Honestly if it's so difficult to weed out the attack ads why are there so many sites that get by without them. Going again to the SomethingAwful scenario. One of their advertising partners snuck in some ads that automatically expanded and did other stuff that is against the terms of service SA gives to it's advertisers. Those ads were immediately addressed by site management and removed. No drama, no telling the users of your site that it's their fault. A listening to those who support and wish to support your site and a desire to make their viewing experience simpler.

Again, until this is addressed by site management I will continue to extol the virtues of ad-blocking. And honestly the best way to draw new traffic to the realms is with safe ads, not these things that install garbage onto your system, if a new user comes here, gets infected and then sees a thread like this, are they going to donate? No. Are they going to refer the realms to their friends? No. Are they going to surf this site again? No.

It is in this sites best interest that this be addressed.

edit: I am now going to work, I won't be able to reply to this discussion again until much later

Typhon has stated in the past that people getting Viruses from his site are to blame, not him despite countless evidence to the contrary. Here's a quote




That is all he's ever said on the matter, despite countless evidence that YES the site is pushing attack ads on us. That is why I call it extortion, when he was shown there was a problem he refused to address it.

Honestly if it's so difficult to weed out the attack ads why are there so many sites that get by without them. Going again to the SomethingAwful scenario. One of their advertising partners snuck in some ads that automatically expanded and did other stuff that is against the terms of service SA gives to it's advertisers. Those ads were immediately addressed by site management and removed. No drama, no telling the users of your site that it's their fault. A listening to those who support and wish to support your site and a desire to make their viewing experience simpler.

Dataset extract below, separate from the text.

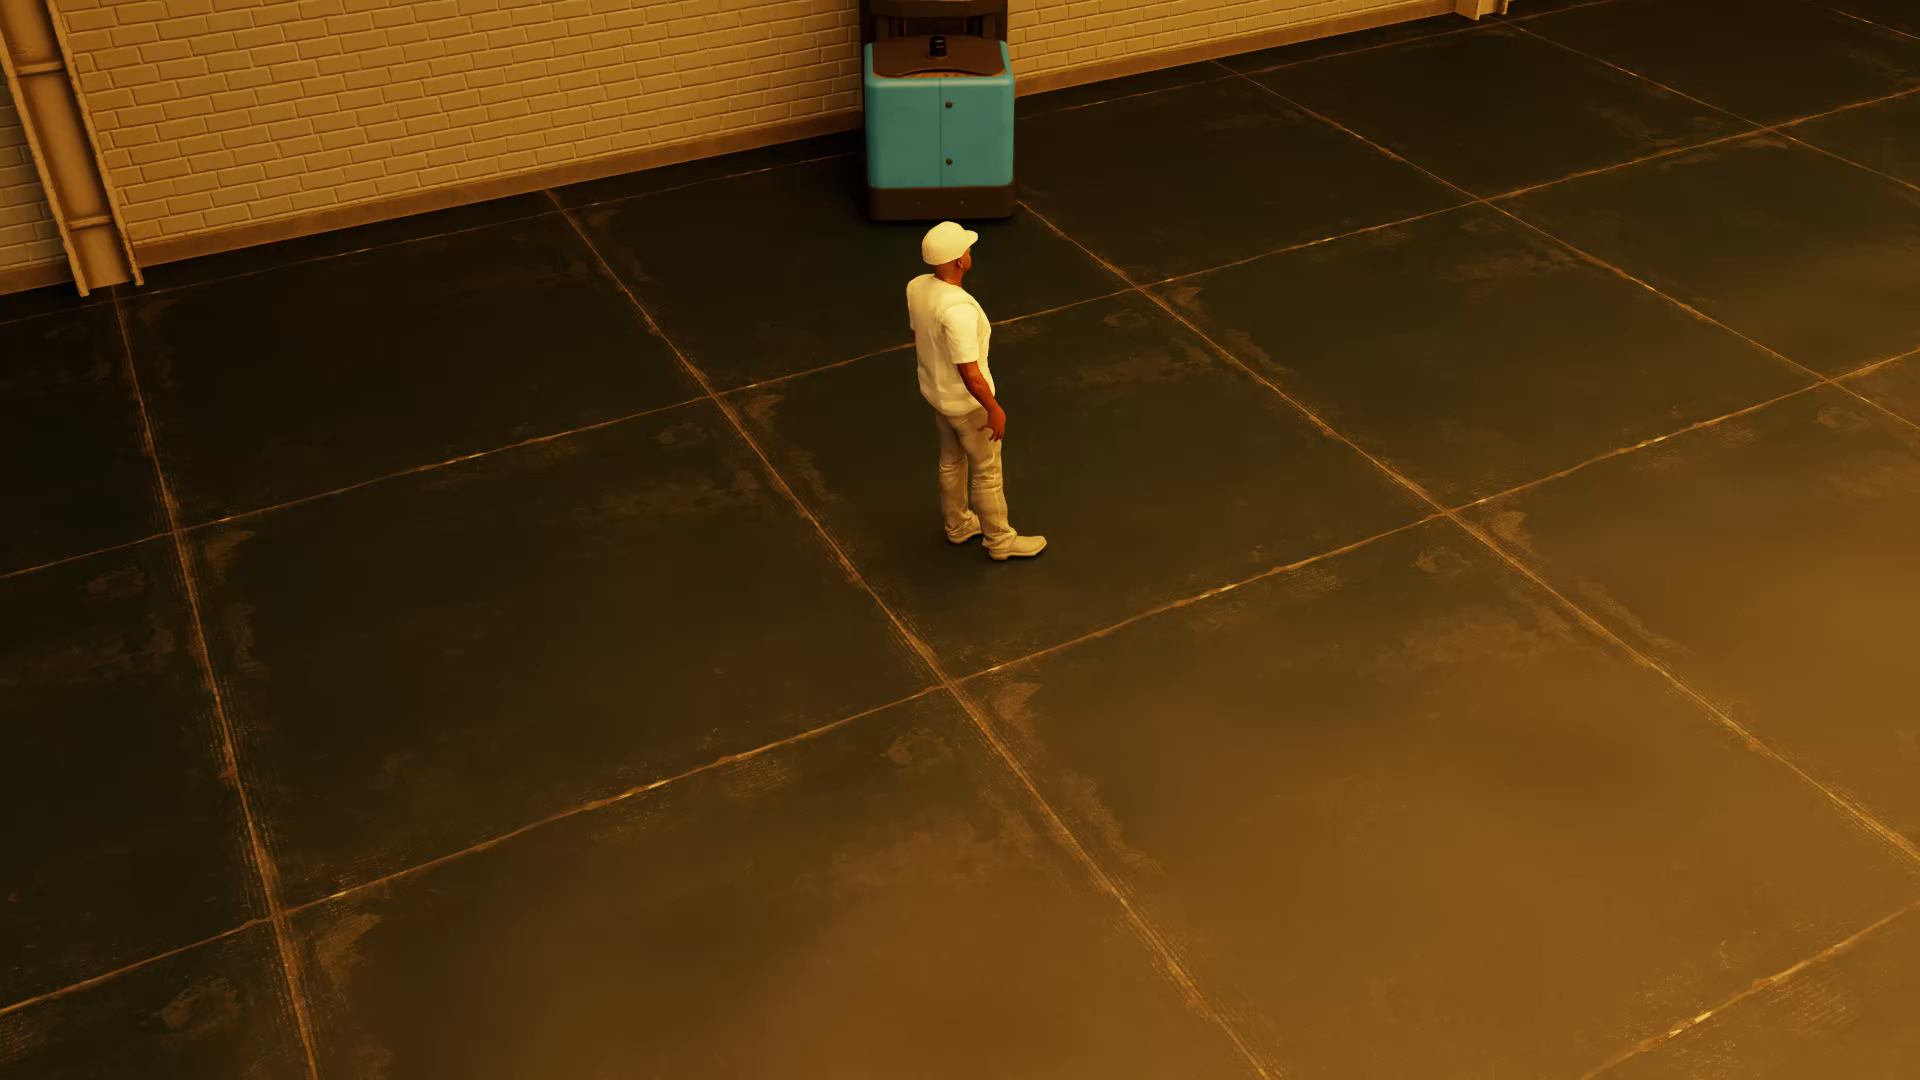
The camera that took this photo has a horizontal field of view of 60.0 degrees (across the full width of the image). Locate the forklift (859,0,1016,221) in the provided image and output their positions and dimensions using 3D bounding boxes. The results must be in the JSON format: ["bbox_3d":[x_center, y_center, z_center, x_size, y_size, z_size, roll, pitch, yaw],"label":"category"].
[{"bbox_3d":[-0.209,-4.274,12.170,1.130,2.935,3.031,-2,35,-2],"label":"forklift"}]

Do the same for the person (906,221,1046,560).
[{"bbox_3d":[0.065,-0.741,8.173,0.575,1.762,0.665,-17,39,-23],"label":"person"}]

Again, until this is addressed by site management I will continue to extol the virtues of ad-blocking. And honestly the best way to draw new traffic to the realms is with safe ads, not these things that install garbage onto your system, if a new user comes here, gets infected and then sees a thread like this, are they going to donate? No. Are they going to refer the realms to their friends? No. Are they going to surf this site again? No.

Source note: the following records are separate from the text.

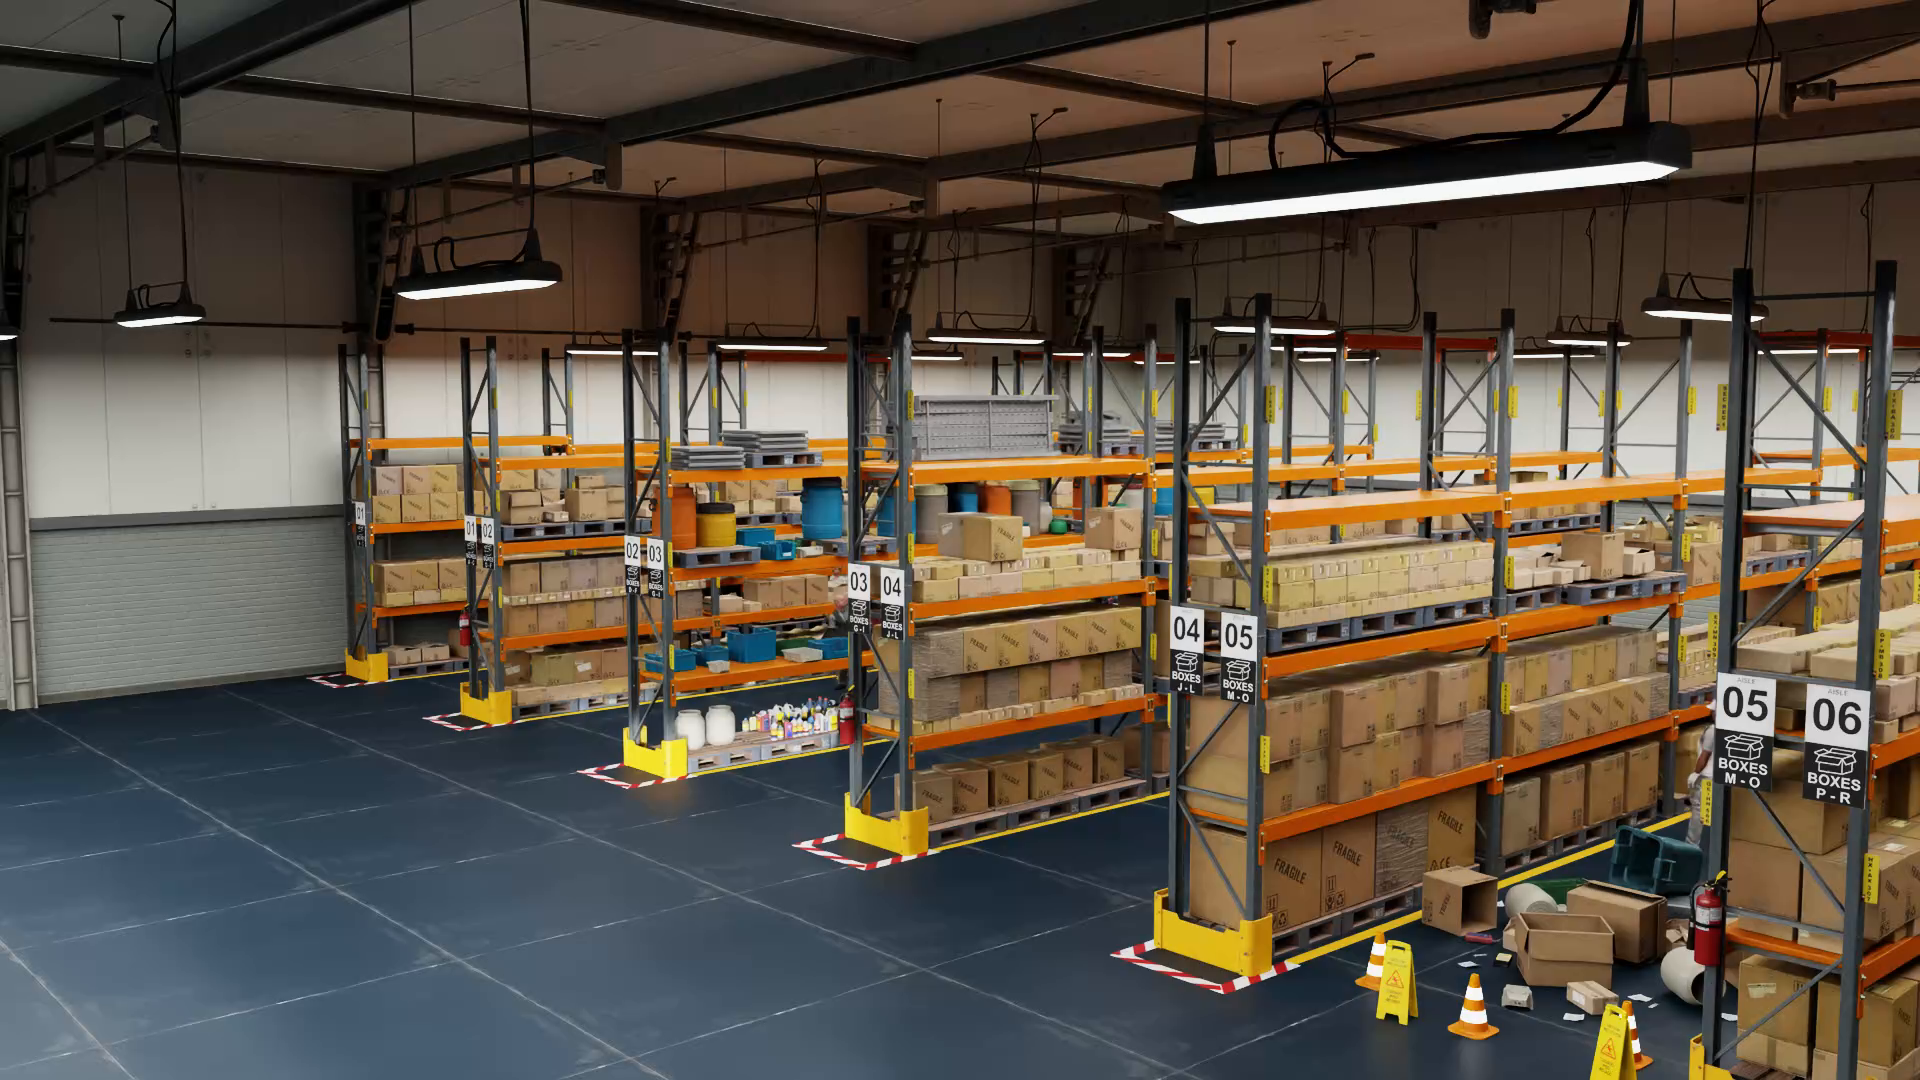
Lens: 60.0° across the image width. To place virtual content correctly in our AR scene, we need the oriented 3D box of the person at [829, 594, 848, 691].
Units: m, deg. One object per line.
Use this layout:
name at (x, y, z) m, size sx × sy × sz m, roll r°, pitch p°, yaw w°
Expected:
person at (-1.889, 1.777, 28.384) m, size 0.692 × 1.692 × 0.656 m, roll 0°, pitch 5°, yaw 5°

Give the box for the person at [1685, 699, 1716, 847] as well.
person at (8.400, 2.629, 18.532) m, size 0.629 × 1.790 × 0.490 m, roll -1°, pitch 5°, yaw -9°

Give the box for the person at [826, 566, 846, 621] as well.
person at (-2.497, 1.291, 34.350) m, size 0.463 × 1.583 × 0.479 m, roll 5°, pitch 7°, yaw 41°
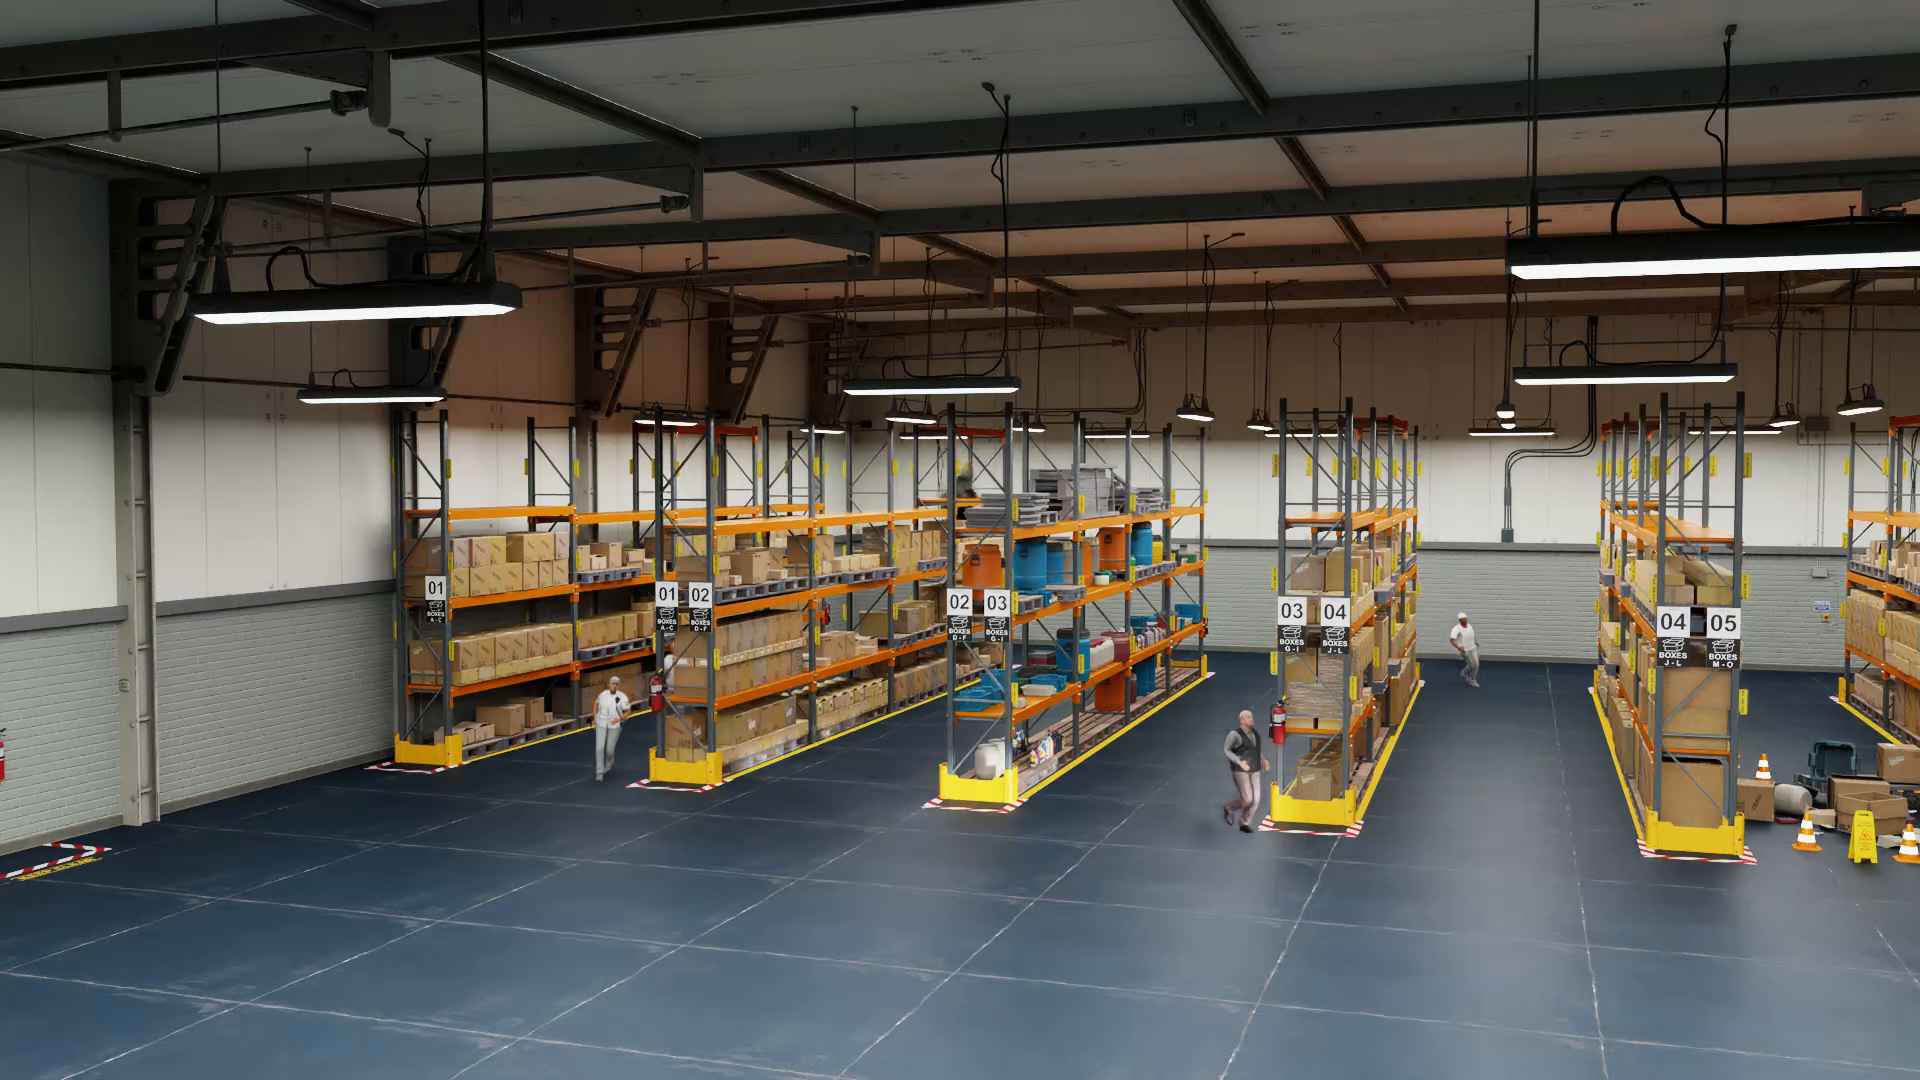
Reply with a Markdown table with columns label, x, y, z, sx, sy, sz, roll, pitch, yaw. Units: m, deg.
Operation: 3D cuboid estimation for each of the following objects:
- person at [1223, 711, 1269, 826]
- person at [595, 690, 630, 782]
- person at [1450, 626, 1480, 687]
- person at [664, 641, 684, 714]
| label | x | y | z | sx | sy | sz | roll | pitch | yaw |
| --- | --- | --- | --- | --- | --- | --- | --- | --- | --- |
| person | 3.933 | 3.158 | 22.857 | 0.646 | 1.608 | 0.533 | -2 | 3 | -33 |
| person | -5.635 | 3.144 | 26.960 | 0.588 | 1.454 | 0.777 | 0 | 2 | -4 |
| person | 11.624 | 2.655 | 38.273 | 0.698 | 1.429 | 0.536 | -1 | 3 | -22 |
| person | -5.329 | 2.797 | 31.185 | 0.626 | 1.844 | 1.008 | 0 | 2 | 10 |

It is in this sites best interest that this be addressed.

edit: I am now going to work, I won't be able to reply to this discussion again until much later

That Typhon quote is pretty old, and I think he's made other statements since then that have softened the stance he had taken.

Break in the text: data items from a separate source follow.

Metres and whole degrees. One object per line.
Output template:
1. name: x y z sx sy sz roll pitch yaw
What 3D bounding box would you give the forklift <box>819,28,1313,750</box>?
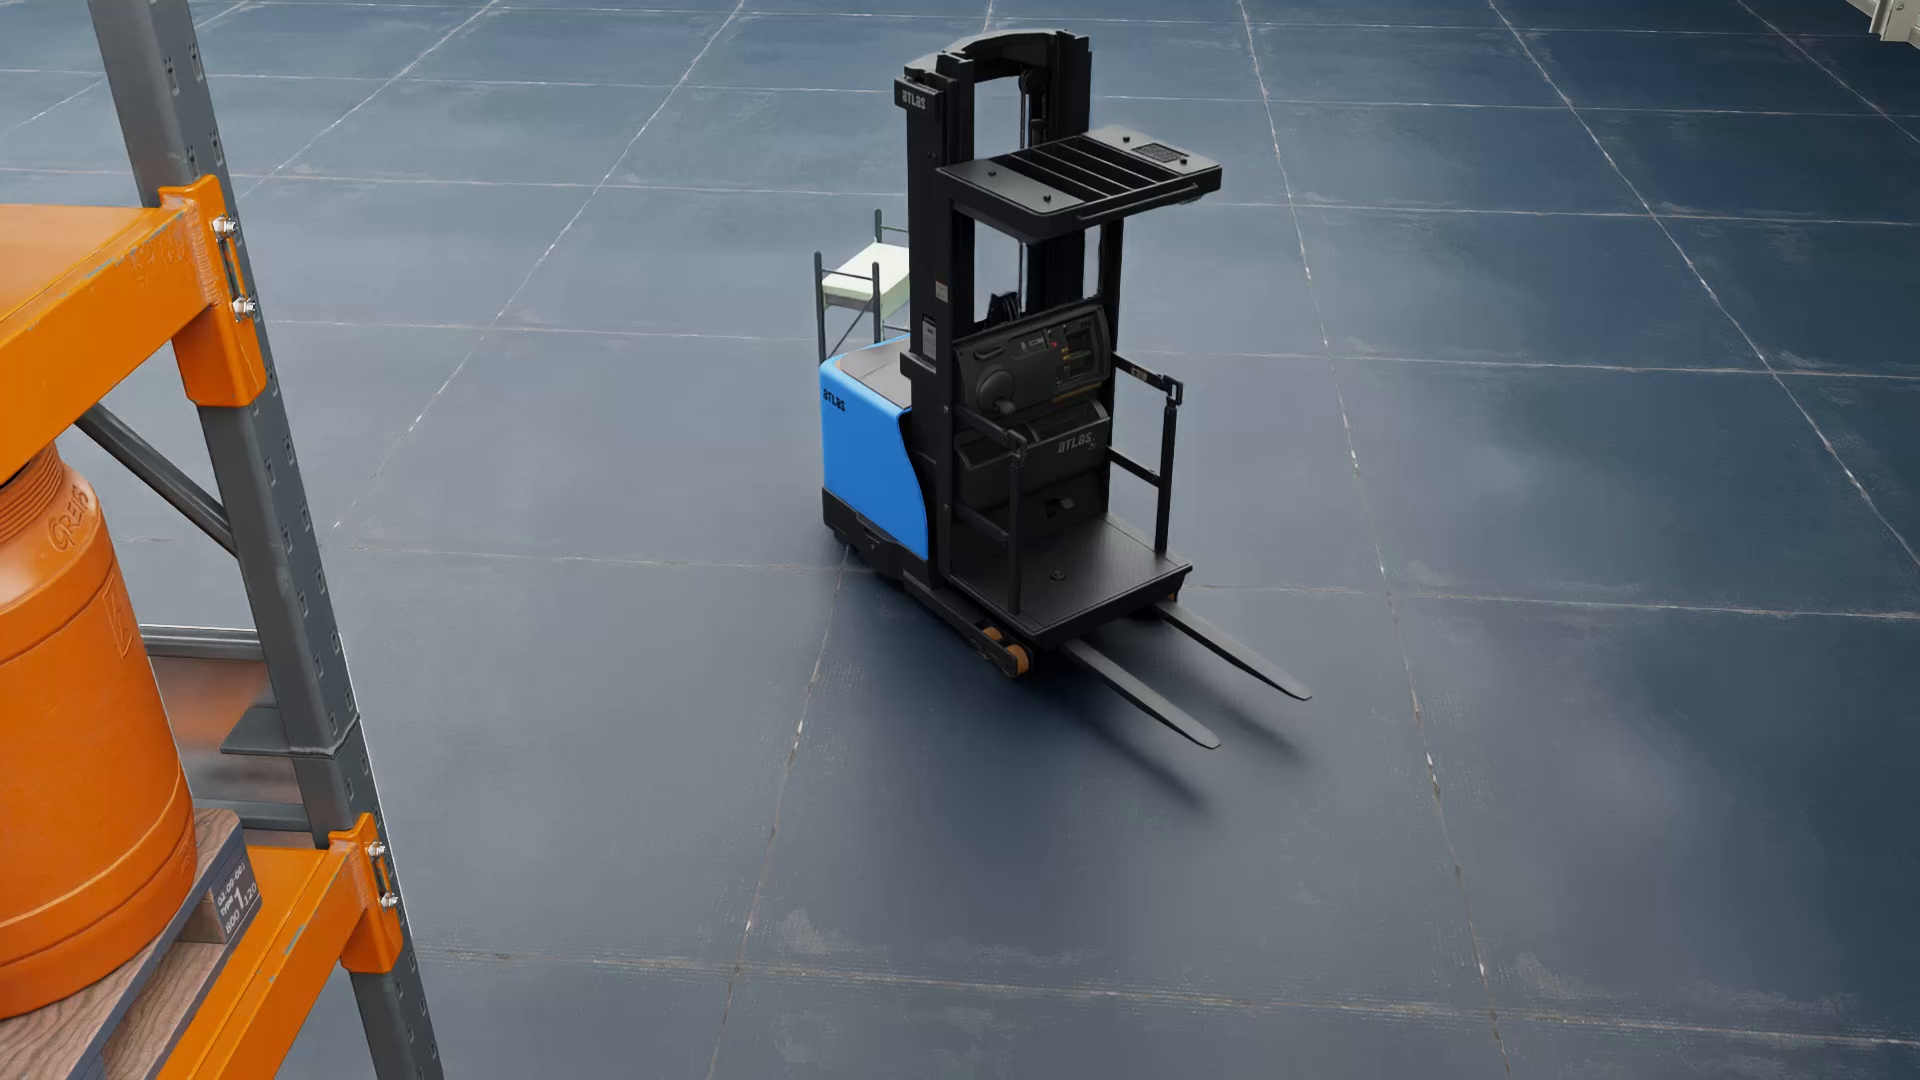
1. forklift: 0.501 -0.846 8.109 1.130 2.935 3.031 -22 38 -31

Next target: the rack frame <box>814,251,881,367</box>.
1. rack frame: -0.630 -0.929 9.608 0.400 1.500 0.023 14 34 21

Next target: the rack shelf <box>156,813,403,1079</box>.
1. rack shelf: -1.837 1.713 1.719 1.077 0.370 4.000 2 32 4

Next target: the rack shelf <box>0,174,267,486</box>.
1. rack shelf: -1.837 0.606 1.037 1.077 0.370 4.000 2 32 4

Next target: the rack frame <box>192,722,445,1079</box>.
1. rack frame: -1.674 1.637 4.014 1.000 3.000 0.127 2 32 4

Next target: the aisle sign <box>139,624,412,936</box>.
1. aisle sign: -1.372 0.506 3.373 0.394 0.787 0.004 2 32 4

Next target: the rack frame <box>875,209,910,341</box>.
1. rack frame: -0.320 -1.277 10.173 0.400 1.500 0.023 14 34 21

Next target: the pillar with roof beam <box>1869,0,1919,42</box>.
1. pillar with roof beam: 6.180 -9.686 16.671 9.100 9.000 0.400 2 32 4

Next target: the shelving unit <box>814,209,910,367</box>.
1. shelving unit: -0.475 -1.103 9.890 0.431 1.500 0.755 14 34 21

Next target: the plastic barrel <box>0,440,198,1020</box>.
1. plastic barrel: -1.587 0.258 2.583 0.600 0.830 0.708 2 32 4

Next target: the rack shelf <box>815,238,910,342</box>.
1. rack shelf: -0.475 -1.435 9.686 0.431 0.370 0.720 14 34 21

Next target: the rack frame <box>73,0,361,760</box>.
1. rack frame: -1.674 -0.917 2.440 1.000 3.000 0.127 2 32 4

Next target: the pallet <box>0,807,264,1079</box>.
1. pallet: -1.839 0.869 2.582 1.003 0.211 1.213 2 32 4

In any event, you can't compare SA to HCrealms. SA gets exponentially more traffic and has a much stronger hand. I'm pretty sure that advertisers dictate terms of service to HCR, not the other way around.

That Typhon quote is pretty old, and I think he's made other statements since then that have softened the stance he had taken.

In any event, you can't compare SA to HCrealms. SA gets exponentially more traffic and has a much stronger hand. I'm pretty sure that advertisers dictate terms of service to HCR, not the other way around.

I'll concede the point of traffic. The example I was attempting to make was a proactive site manager versus a site manager who simply won't address a problem.

And softening your stance is fine and all, but members are still getting viruses. Again, if the goal of Typhon is to lure additional traffic to this site, these ad's are not helping. I've had a few people at my venue complain about the attack ads here, and at least one tell me he was sticking to heroclix world from now on.

I like this site, I do. I wouldn't be sitting here yelling about this if I didn't. My point is this, SOMETHING needs to be done. The problem can't be allowed to continue. Word of mouth is the best advertising, if people at venue's are complaining about the realms damaging their computers thats not going to drive any new members or donors to this site. And I stand by my point that until this site is as safe for non-donors as it is donors I will block all of the ads on the realms and advise anyone who asks to do the same.

morand, thanks for the foxfire advice. my computer thanks you!